BEGIN Task data

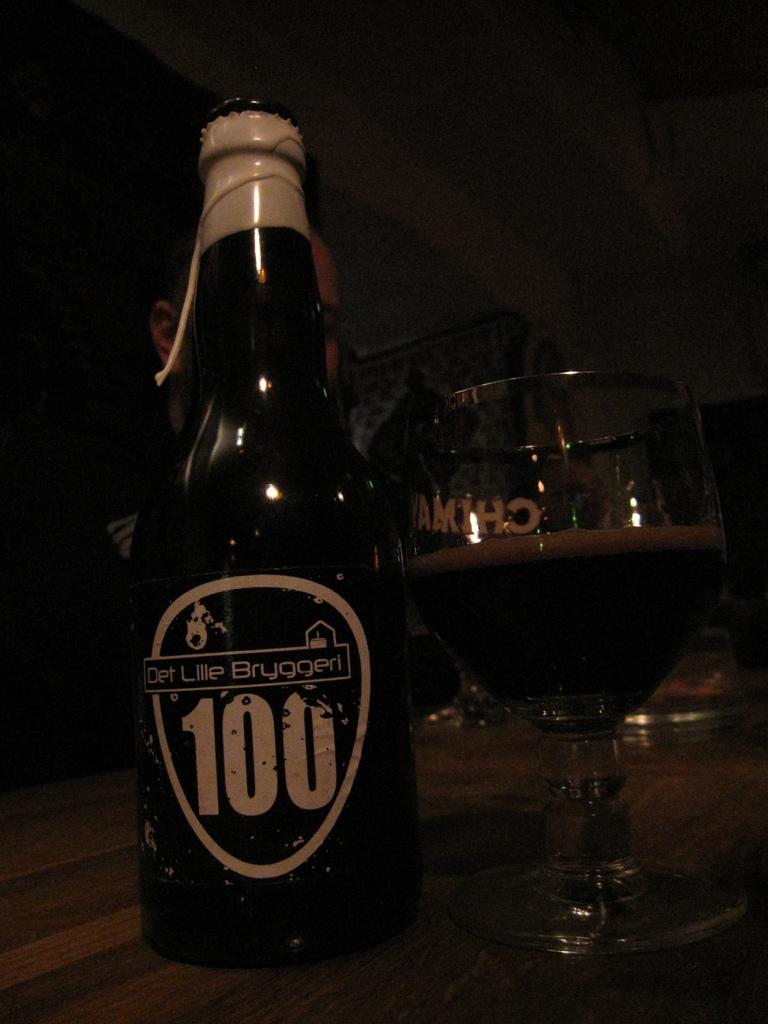<image>
Create a compact narrative representing the image presented. A bottle with the number 100 includes on the label sits by a half full glass. 
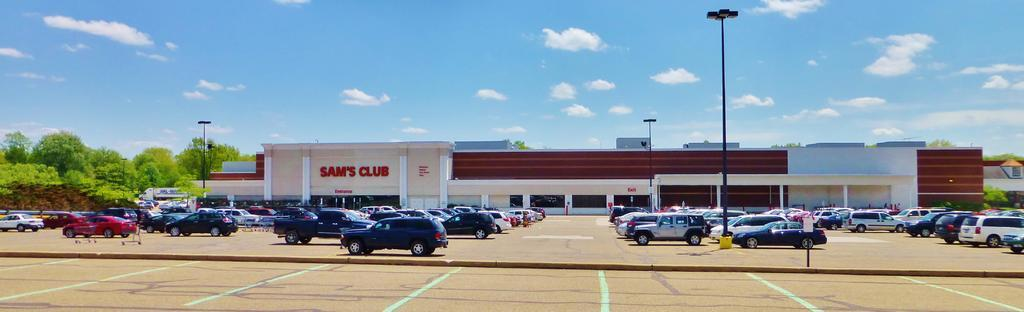What type of structures can be seen in the image? There are buildings in the image. What else can be seen moving in the image? There are vehicles and trolleys in the image. What are the vertical structures in the image? There are poles in the image. What type of vegetation is present in the image? There are trees in the image. What is visible beneath the structures and objects in the image? The ground is visible in the image. What is present on the ground in the image? There are objects on the ground. What is visible in the sky in the image? The sky is visible in the image, and there are clouds in the image. What type of dinner is being served in the image? There is no dinner present in the image; it features buildings, vehicles, poles, trees, ground, objects, trolleys, and clouds in the sky. What force is being applied to the buildings in the image? There is no force being applied to the buildings in the image; they are stationary structures. 
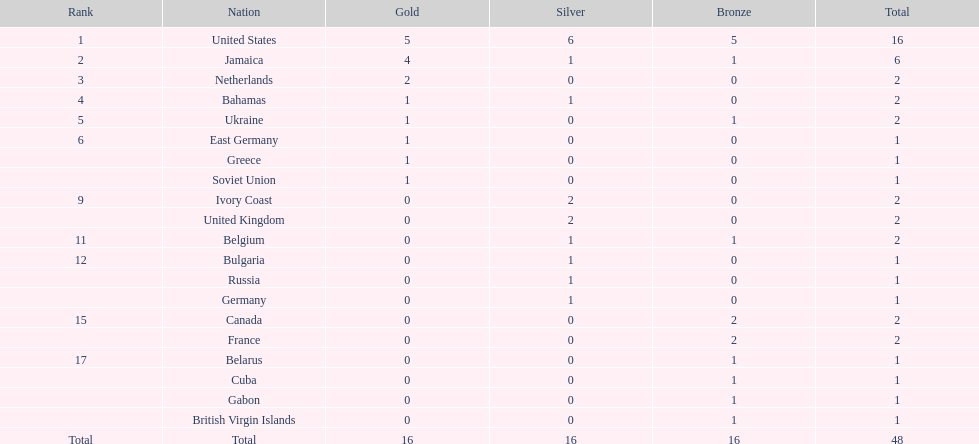Among the top 5 countries, what is the typical quantity of gold medals earned? 2.6. 
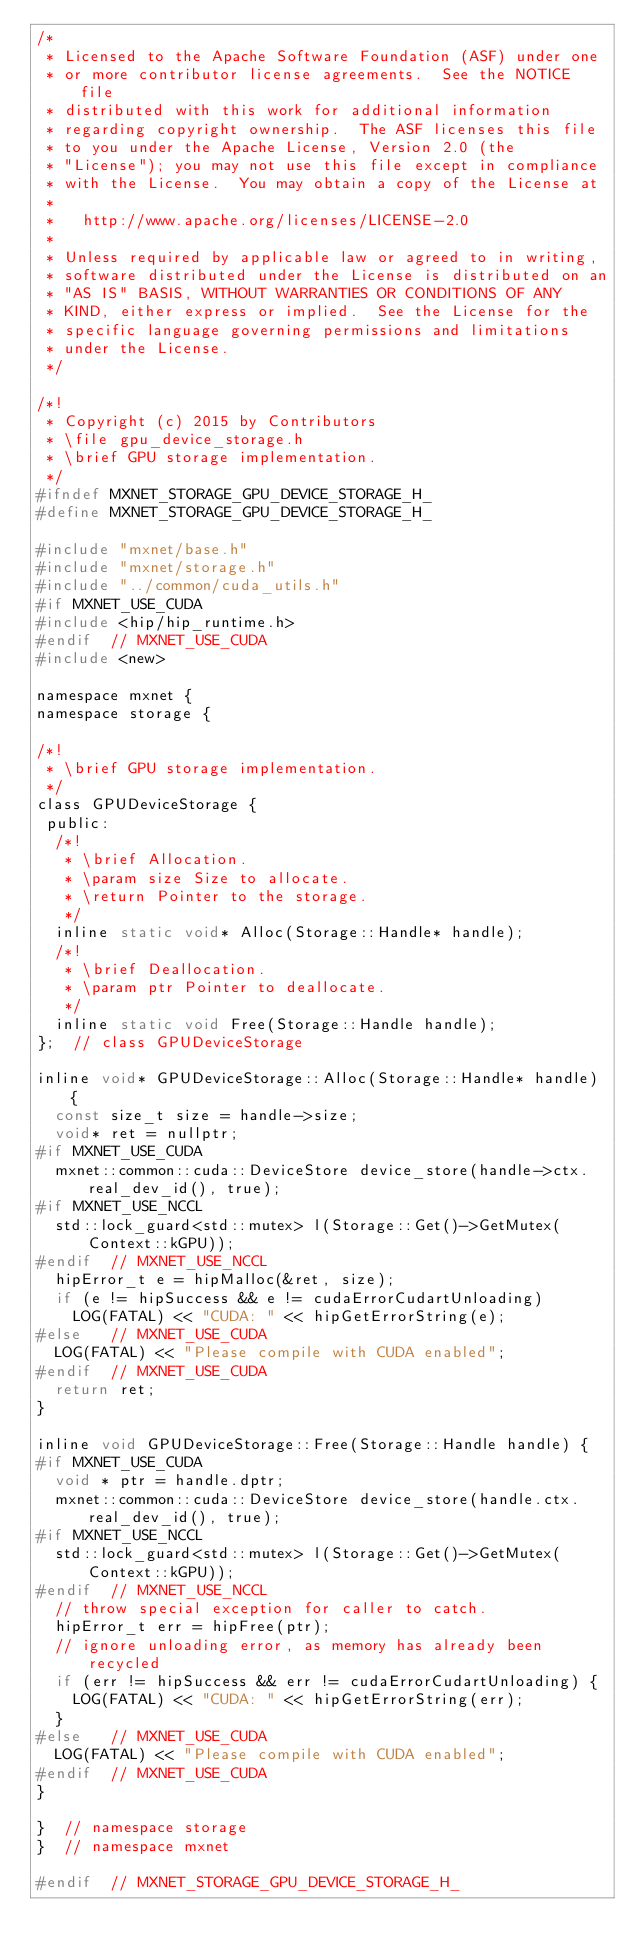Convert code to text. <code><loc_0><loc_0><loc_500><loc_500><_C_>/*
 * Licensed to the Apache Software Foundation (ASF) under one
 * or more contributor license agreements.  See the NOTICE file
 * distributed with this work for additional information
 * regarding copyright ownership.  The ASF licenses this file
 * to you under the Apache License, Version 2.0 (the
 * "License"); you may not use this file except in compliance
 * with the License.  You may obtain a copy of the License at
 *
 *   http://www.apache.org/licenses/LICENSE-2.0
 *
 * Unless required by applicable law or agreed to in writing,
 * software distributed under the License is distributed on an
 * "AS IS" BASIS, WITHOUT WARRANTIES OR CONDITIONS OF ANY
 * KIND, either express or implied.  See the License for the
 * specific language governing permissions and limitations
 * under the License.
 */

/*!
 * Copyright (c) 2015 by Contributors
 * \file gpu_device_storage.h
 * \brief GPU storage implementation.
 */
#ifndef MXNET_STORAGE_GPU_DEVICE_STORAGE_H_
#define MXNET_STORAGE_GPU_DEVICE_STORAGE_H_

#include "mxnet/base.h"
#include "mxnet/storage.h"
#include "../common/cuda_utils.h"
#if MXNET_USE_CUDA
#include <hip/hip_runtime.h>
#endif  // MXNET_USE_CUDA
#include <new>

namespace mxnet {
namespace storage {

/*!
 * \brief GPU storage implementation.
 */
class GPUDeviceStorage {
 public:
  /*!
   * \brief Allocation.
   * \param size Size to allocate.
   * \return Pointer to the storage.
   */
  inline static void* Alloc(Storage::Handle* handle);
  /*!
   * \brief Deallocation.
   * \param ptr Pointer to deallocate.
   */
  inline static void Free(Storage::Handle handle);
};  // class GPUDeviceStorage

inline void* GPUDeviceStorage::Alloc(Storage::Handle* handle) {
  const size_t size = handle->size;
  void* ret = nullptr;
#if MXNET_USE_CUDA
  mxnet::common::cuda::DeviceStore device_store(handle->ctx.real_dev_id(), true);
#if MXNET_USE_NCCL
  std::lock_guard<std::mutex> l(Storage::Get()->GetMutex(Context::kGPU));
#endif  // MXNET_USE_NCCL
  hipError_t e = hipMalloc(&ret, size);
  if (e != hipSuccess && e != cudaErrorCudartUnloading)
    LOG(FATAL) << "CUDA: " << hipGetErrorString(e);
#else   // MXNET_USE_CUDA
  LOG(FATAL) << "Please compile with CUDA enabled";
#endif  // MXNET_USE_CUDA
  return ret;
}

inline void GPUDeviceStorage::Free(Storage::Handle handle) {
#if MXNET_USE_CUDA
  void * ptr = handle.dptr;
  mxnet::common::cuda::DeviceStore device_store(handle.ctx.real_dev_id(), true);
#if MXNET_USE_NCCL
  std::lock_guard<std::mutex> l(Storage::Get()->GetMutex(Context::kGPU));
#endif  // MXNET_USE_NCCL
  // throw special exception for caller to catch.
  hipError_t err = hipFree(ptr);
  // ignore unloading error, as memory has already been recycled
  if (err != hipSuccess && err != cudaErrorCudartUnloading) {
    LOG(FATAL) << "CUDA: " << hipGetErrorString(err);
  }
#else   // MXNET_USE_CUDA
  LOG(FATAL) << "Please compile with CUDA enabled";
#endif  // MXNET_USE_CUDA
}

}  // namespace storage
}  // namespace mxnet

#endif  // MXNET_STORAGE_GPU_DEVICE_STORAGE_H_
</code> 
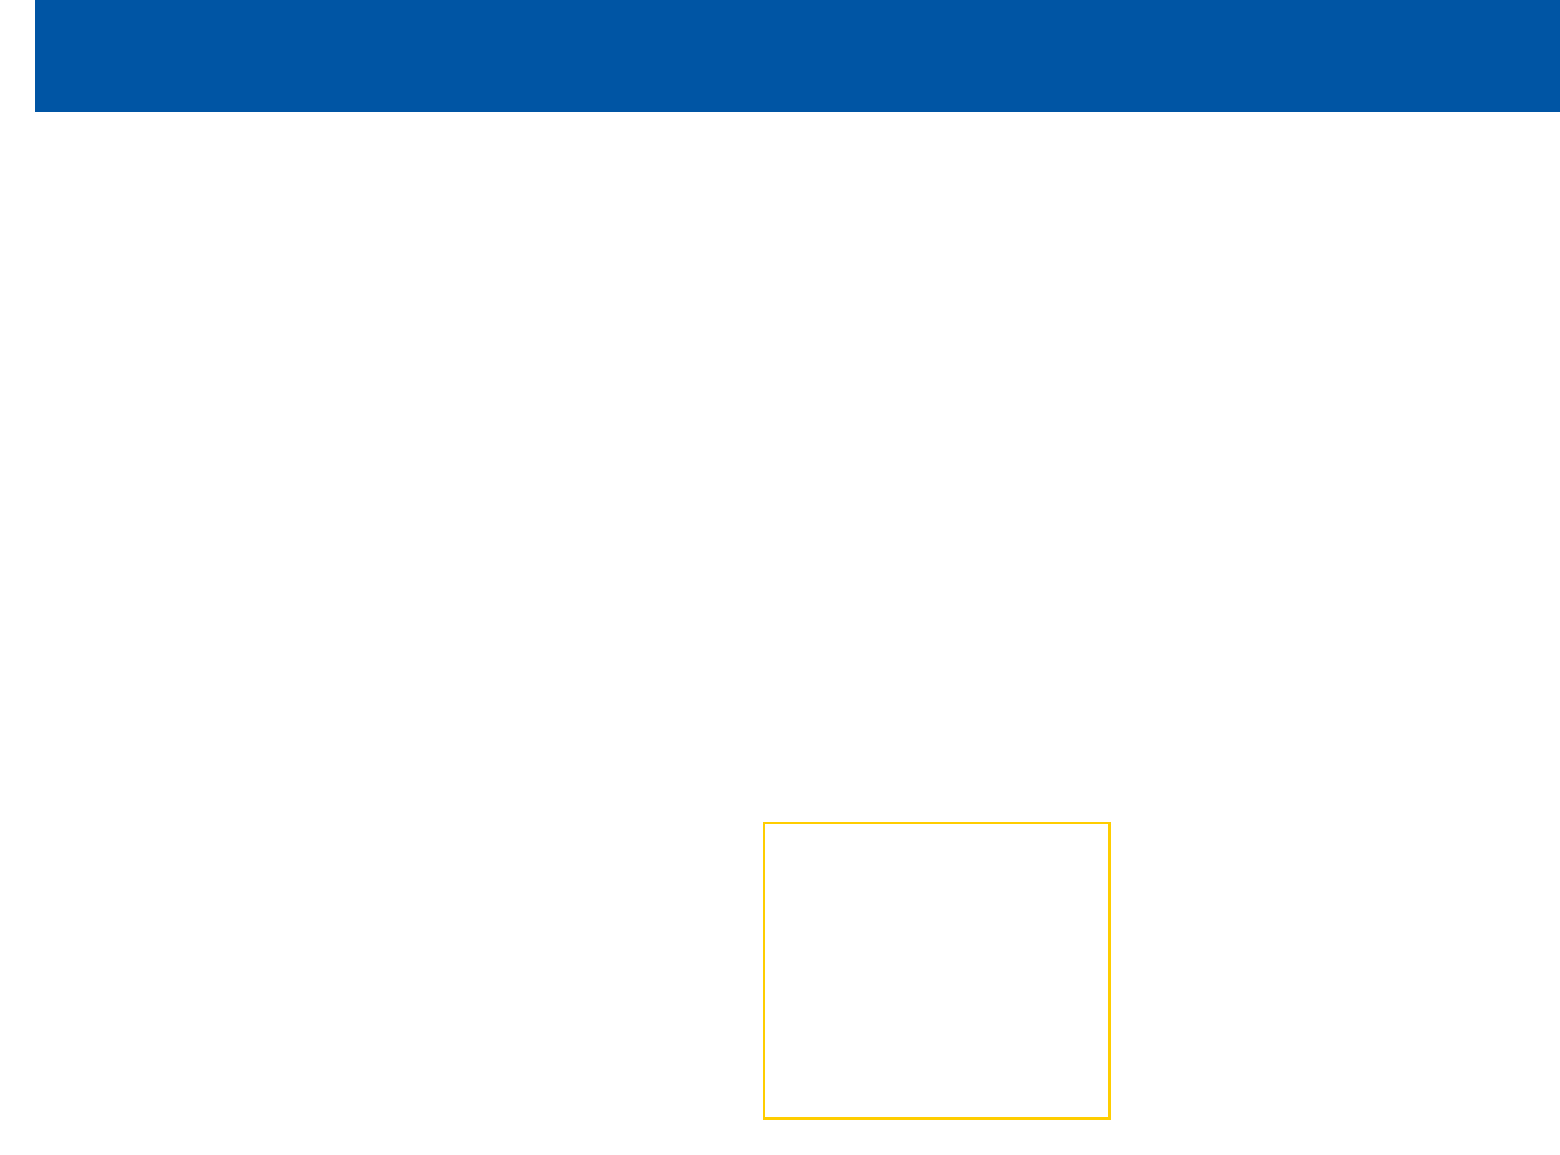What is the primary emphasis of La Rochelle's 2022-2023 season strategy? The main focus is on physical dominance and aggressive defense, as stated in the season strategy section.
Answer: Physical dominance and aggressive defense What position does Pierre Boudehent primarily play? The document states that Boudehent is primarily used as a wing or fullback.
Answer: Wing or fullback How many tries did Pierre Boudehent score against Toulouse in the Top 14? The specific performance against Toulouse indicates that Boudehent scored two tries.
Answer: Two tries What is one area for improvement for Pierre Boudehent? The document lists several areas for improvement, one being enhancing coordination with fly-half Antoine Hastoy.
Answer: Coordination with Antoine Hastoy What tactic is used to exploit Boudehent's aerial skills? The tactical adjustments mention increased use of cross-field kicks to take advantage of Boudehent's skills.
Answer: Cross-field kicks How does Pierre Boudehent contribute defensively? The document highlights that he is excellent under high balls, which is crucial for defensive positioning.
Answer: Excellent under high balls What type of play did La Rochelle improve this season? The document emphasizes improved set-piece play, particularly in scrums and lineouts.
Answer: Set-piece play What is one role of Pierre Boudehent in the team's counterattacking strategy? Boudehent is noted as a key contributor to La Rochelle's counterattacking strategy, indicating his importance in this area.
Answer: Key contributor to counterattacks How did Boudehent perform in the European Champions Cup against Leinster? The document notes that he had crucial defensive contributions in that match.
Answer: Crucial defensive contributions

END Task data

### Work to complete
All that is needed is the number of lines above in which the string "kicks" appears.

### Solution
2